» Task instructions
All entries are to be reproduced exactly; the pictures are to be omitted.

——

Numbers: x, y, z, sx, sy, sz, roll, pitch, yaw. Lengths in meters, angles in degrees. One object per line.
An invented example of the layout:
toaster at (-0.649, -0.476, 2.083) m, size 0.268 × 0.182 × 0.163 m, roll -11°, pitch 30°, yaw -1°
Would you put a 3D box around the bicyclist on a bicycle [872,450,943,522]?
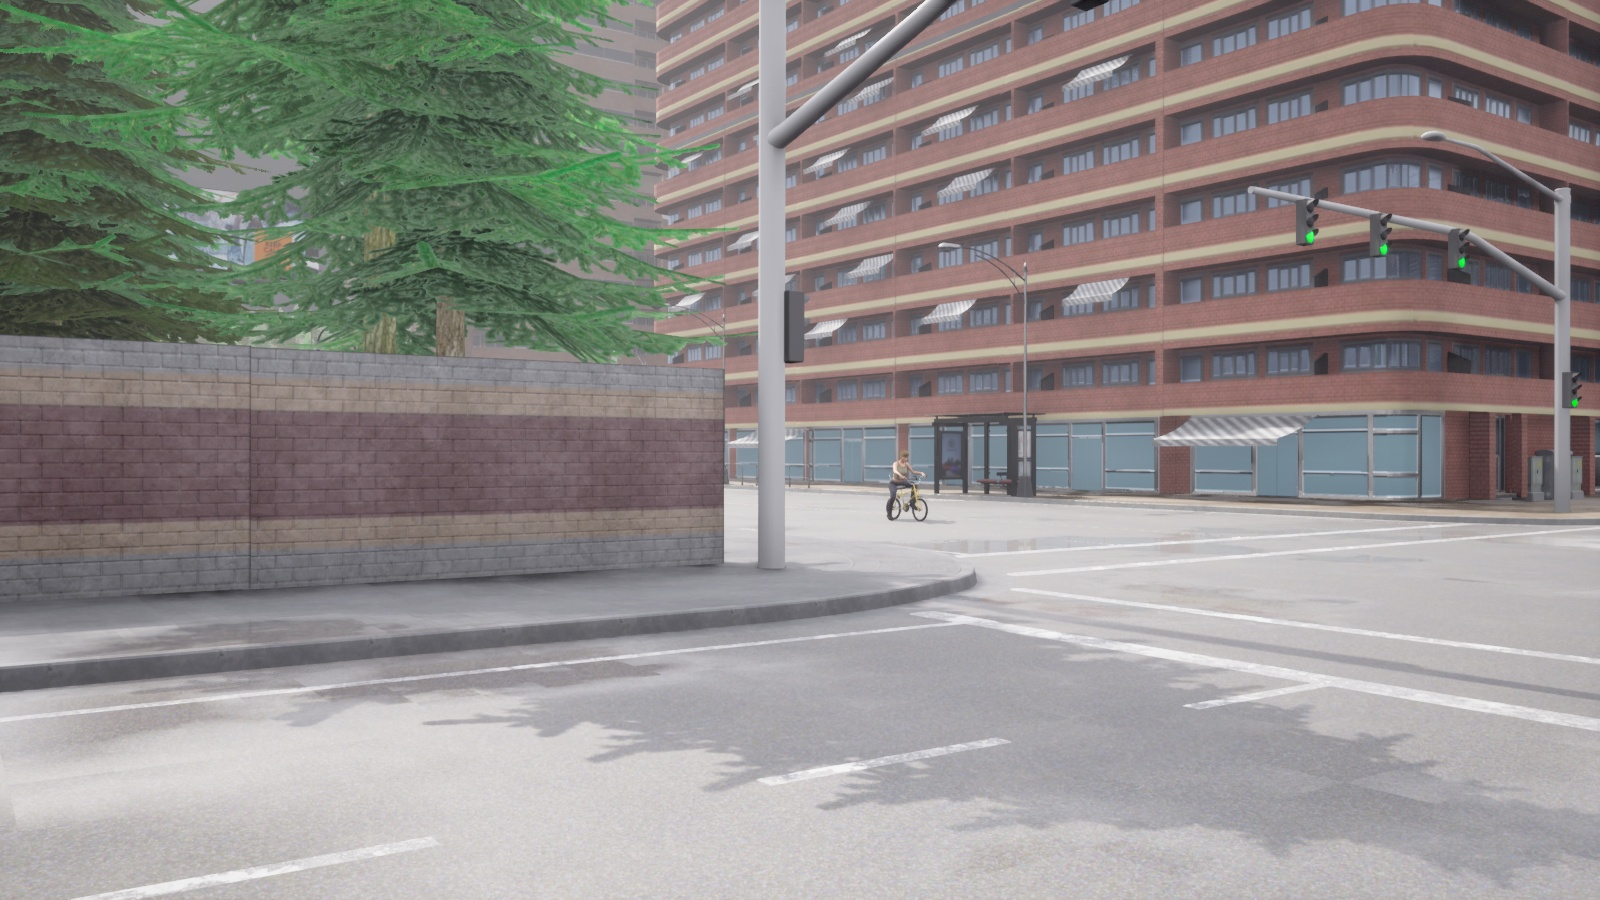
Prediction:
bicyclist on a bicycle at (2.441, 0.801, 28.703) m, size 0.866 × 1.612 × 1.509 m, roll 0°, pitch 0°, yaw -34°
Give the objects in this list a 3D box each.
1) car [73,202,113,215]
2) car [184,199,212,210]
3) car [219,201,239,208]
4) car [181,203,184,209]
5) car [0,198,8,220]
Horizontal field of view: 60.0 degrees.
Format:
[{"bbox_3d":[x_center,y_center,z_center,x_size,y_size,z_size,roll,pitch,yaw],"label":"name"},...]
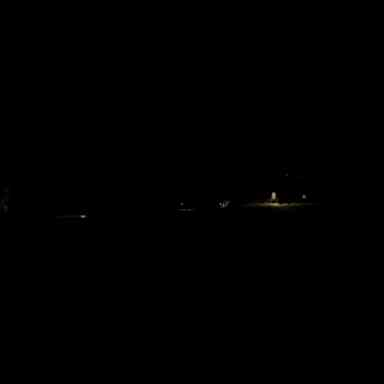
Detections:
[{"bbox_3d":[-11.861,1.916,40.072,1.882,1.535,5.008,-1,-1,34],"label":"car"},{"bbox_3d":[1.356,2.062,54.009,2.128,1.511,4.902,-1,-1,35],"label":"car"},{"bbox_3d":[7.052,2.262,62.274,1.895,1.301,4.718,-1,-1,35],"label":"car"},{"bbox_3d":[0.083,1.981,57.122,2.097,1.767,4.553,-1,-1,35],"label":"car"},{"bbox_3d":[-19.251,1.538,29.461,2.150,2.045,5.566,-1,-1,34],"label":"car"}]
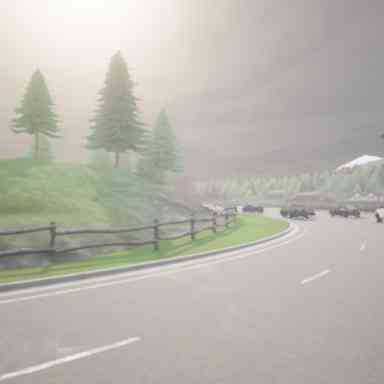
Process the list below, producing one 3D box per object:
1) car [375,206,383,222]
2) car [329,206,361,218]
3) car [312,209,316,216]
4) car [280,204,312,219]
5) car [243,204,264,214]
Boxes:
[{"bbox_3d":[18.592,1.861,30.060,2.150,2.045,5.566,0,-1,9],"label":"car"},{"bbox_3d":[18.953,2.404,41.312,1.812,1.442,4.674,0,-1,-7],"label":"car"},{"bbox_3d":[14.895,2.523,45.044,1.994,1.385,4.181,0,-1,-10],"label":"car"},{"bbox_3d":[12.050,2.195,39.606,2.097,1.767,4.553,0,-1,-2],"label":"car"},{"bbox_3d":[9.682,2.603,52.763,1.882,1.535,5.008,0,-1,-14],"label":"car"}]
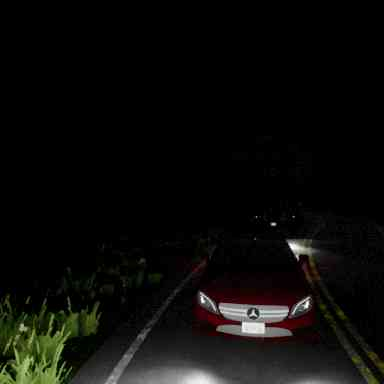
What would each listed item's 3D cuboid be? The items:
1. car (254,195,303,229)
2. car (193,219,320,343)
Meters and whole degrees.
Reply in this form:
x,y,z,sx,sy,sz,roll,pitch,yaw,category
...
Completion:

——

» Answer area
Numbers: x, y, z, sx, sy, sz, roll, pitch, yaw. Lengths in meters, angles in degrees. One object per line.
An invented example of the layout:
toaster at (-0.649, -0.476, 2.083) m, size 0.268 × 0.182 × 0.163 m, roll -11°, pitch 30°, yaw -1°
Would you put a 3D box around the bicyclist on a bicycle [872,450,943,522]?
Prediction:
bicyclist on a bicycle at (2.441, 0.801, 28.703) m, size 0.866 × 1.612 × 1.509 m, roll 0°, pitch 0°, yaw -34°
Give the objects in this list a 3D box each.
1) car [73,202,113,215]
2) car [184,199,212,210]
3) car [219,201,239,208]
4) car [181,203,184,209]
5) car [0,198,8,220]
Horizontal field of view: 60.0 degrees.
Format:
[{"bbox_3d":[x_center,y_center,z_center,x_size,y_size,z_size,roll,pitch,yaw],"label":"name"},...]
Detections:
[{"bbox_3d":[-11.861,1.916,40.072,1.882,1.535,5.008,-1,-1,34],"label":"car"},{"bbox_3d":[1.356,2.062,54.009,2.128,1.511,4.902,-1,-1,35],"label":"car"},{"bbox_3d":[7.052,2.262,62.274,1.895,1.301,4.718,-1,-1,35],"label":"car"},{"bbox_3d":[0.083,1.981,57.122,2.097,1.767,4.553,-1,-1,35],"label":"car"},{"bbox_3d":[-19.251,1.538,29.461,2.150,2.045,5.566,-1,-1,34],"label":"car"}]
Process the list below, producing one 3D box per object:
1) car [375,206,383,222]
2) car [329,206,361,218]
3) car [312,209,316,216]
4) car [280,204,312,219]
5) car [243,204,264,214]
Boxes:
[{"bbox_3d":[18.592,1.861,30.060,2.150,2.045,5.566,0,-1,9],"label":"car"},{"bbox_3d":[18.953,2.404,41.312,1.812,1.442,4.674,0,-1,-7],"label":"car"},{"bbox_3d":[14.895,2.523,45.044,1.994,1.385,4.181,0,-1,-10],"label":"car"},{"bbox_3d":[12.050,2.195,39.606,2.097,1.767,4.553,0,-1,-2],"label":"car"},{"bbox_3d":[9.682,2.603,52.763,1.882,1.535,5.008,0,-1,-14],"label":"car"}]
What would each listed item's 3D cuboid be? The items:
1. car (254,195,303,229)
2. car (193,219,320,343)
Meters and whole degrees.
Reply in this form:
x,y,z,sx,sy,sz,roll,pitch,yaw,category
...
Completion:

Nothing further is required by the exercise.